Travel 

Sunday, December 20, 2015 

TAZARA Board fix sights on $1m profit

ALL ABOARD: The TAZARA Board projects that 1,980,000 passengers are to be transported during 2015/2016.


DAR ES SALAAM, TANZANIA - The Tanzania-Zambia Railway Authority (TAZARA) Board of Directors has begun a streamlining scheme towards generating a net operating profit of $1,689,544 from projected revenues of $45,808,960 writes TIMOTHY KITUNDU. 

The Board meeting took place in Lusaka and was co-chaired by Mrs.

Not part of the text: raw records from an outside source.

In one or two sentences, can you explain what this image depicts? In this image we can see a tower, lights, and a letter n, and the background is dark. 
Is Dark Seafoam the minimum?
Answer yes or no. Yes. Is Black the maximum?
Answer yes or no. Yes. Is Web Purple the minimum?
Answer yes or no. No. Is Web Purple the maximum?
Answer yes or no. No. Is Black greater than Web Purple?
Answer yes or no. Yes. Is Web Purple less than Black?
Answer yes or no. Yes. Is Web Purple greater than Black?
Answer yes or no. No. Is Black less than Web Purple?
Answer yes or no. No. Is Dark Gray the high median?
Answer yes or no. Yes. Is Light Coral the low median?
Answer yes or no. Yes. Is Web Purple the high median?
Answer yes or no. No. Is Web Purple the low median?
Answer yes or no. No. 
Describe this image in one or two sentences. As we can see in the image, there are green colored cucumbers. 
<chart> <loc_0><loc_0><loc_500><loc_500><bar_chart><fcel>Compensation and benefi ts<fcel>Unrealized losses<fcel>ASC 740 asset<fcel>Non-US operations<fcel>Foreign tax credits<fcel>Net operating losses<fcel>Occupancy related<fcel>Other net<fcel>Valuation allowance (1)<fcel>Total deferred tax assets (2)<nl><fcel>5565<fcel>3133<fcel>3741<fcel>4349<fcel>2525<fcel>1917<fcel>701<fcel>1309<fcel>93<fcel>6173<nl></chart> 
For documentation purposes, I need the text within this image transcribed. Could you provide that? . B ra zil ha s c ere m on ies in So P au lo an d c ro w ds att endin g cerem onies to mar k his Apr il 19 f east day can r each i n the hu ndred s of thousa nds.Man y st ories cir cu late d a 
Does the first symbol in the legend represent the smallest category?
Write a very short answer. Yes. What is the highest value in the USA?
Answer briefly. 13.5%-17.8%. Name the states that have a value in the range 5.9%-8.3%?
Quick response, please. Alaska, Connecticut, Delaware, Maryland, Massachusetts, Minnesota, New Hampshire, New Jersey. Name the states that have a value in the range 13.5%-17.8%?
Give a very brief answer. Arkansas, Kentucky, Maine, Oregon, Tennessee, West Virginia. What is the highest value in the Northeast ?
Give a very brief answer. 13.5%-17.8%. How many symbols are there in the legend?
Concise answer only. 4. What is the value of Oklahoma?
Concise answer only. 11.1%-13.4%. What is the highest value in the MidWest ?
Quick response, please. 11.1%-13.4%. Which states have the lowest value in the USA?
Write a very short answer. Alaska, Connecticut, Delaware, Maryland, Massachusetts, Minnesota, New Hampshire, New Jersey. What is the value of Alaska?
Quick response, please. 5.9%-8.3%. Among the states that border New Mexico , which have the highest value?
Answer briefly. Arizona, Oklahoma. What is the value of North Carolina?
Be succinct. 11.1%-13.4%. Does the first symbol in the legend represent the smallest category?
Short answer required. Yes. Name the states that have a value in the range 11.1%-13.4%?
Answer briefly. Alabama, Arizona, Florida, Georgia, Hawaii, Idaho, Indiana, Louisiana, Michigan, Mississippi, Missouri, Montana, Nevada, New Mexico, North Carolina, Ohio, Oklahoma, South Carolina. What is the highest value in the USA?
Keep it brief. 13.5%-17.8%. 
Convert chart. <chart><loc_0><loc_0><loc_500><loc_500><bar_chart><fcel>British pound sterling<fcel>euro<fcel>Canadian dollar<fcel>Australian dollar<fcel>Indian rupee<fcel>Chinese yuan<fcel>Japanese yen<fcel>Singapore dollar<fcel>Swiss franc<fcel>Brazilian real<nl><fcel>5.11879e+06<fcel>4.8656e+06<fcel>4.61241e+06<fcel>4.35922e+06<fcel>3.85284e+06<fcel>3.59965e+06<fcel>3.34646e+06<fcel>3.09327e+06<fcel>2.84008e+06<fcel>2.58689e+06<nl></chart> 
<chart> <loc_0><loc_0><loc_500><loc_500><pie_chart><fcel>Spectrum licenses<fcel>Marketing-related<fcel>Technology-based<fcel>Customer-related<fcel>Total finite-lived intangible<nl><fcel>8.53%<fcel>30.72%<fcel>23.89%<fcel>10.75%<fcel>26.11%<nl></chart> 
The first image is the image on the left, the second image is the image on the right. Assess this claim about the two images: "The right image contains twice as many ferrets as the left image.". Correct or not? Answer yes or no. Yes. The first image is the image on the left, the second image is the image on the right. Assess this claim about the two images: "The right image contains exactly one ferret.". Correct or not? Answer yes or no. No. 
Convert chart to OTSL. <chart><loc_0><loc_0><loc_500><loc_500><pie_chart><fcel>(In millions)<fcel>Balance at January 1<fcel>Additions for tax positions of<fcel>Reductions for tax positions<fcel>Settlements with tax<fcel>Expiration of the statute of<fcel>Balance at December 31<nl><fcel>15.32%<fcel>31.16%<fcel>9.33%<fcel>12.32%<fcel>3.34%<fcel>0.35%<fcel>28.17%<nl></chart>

Mbololwa Muyaba, the Zambian Permanent Secretary in the Ministry of Transport and Communications, and Festo Mwanyika representing the Permanent secretary of the Ministry of Works United Republic of Tanzania.

In a communiqué it is stated that 1,980,000 passengers are to be transported during the period 2015/2016. 

“Further, considering the current low performance of the Authority, we introduced austerity cuts in expenditure, amounting to 50% of Management’s spending proposals,” it reads in part.   

The Board said the operational performance of the Authority has fallen to record low levels of less than 90,000 tonnes of freight per year in 2014/2015 from 208,538 tonnes recorded in 2013/2014. 

“It is with concern that the Authority has continued to underperform and depend on subventions from the shareholding governments despite the directives that the Authority should strive to be self-sustaining in its operations. Both governments find it difficult to justify the continuation of any subventions to TAZARA, which is otherwise a potentially viable company, and insist that the Authority must stand on its own going forward,” the Board concluded.

In this regard, the Board directed the management, to begin to show pro-activeness in handling all operational challenges and should henceforth present to the Board a bankable business plan, prepare a clear Marketing Strategy to retain the current customers, win back old customers as well as win new customers.

The railway was opened in the late 1970s, primarily to help Zambia become less dependent on South African ports for its imports and exports. However, with the end of Apartheid and little re-capitalisation TAZARA has been hit hard.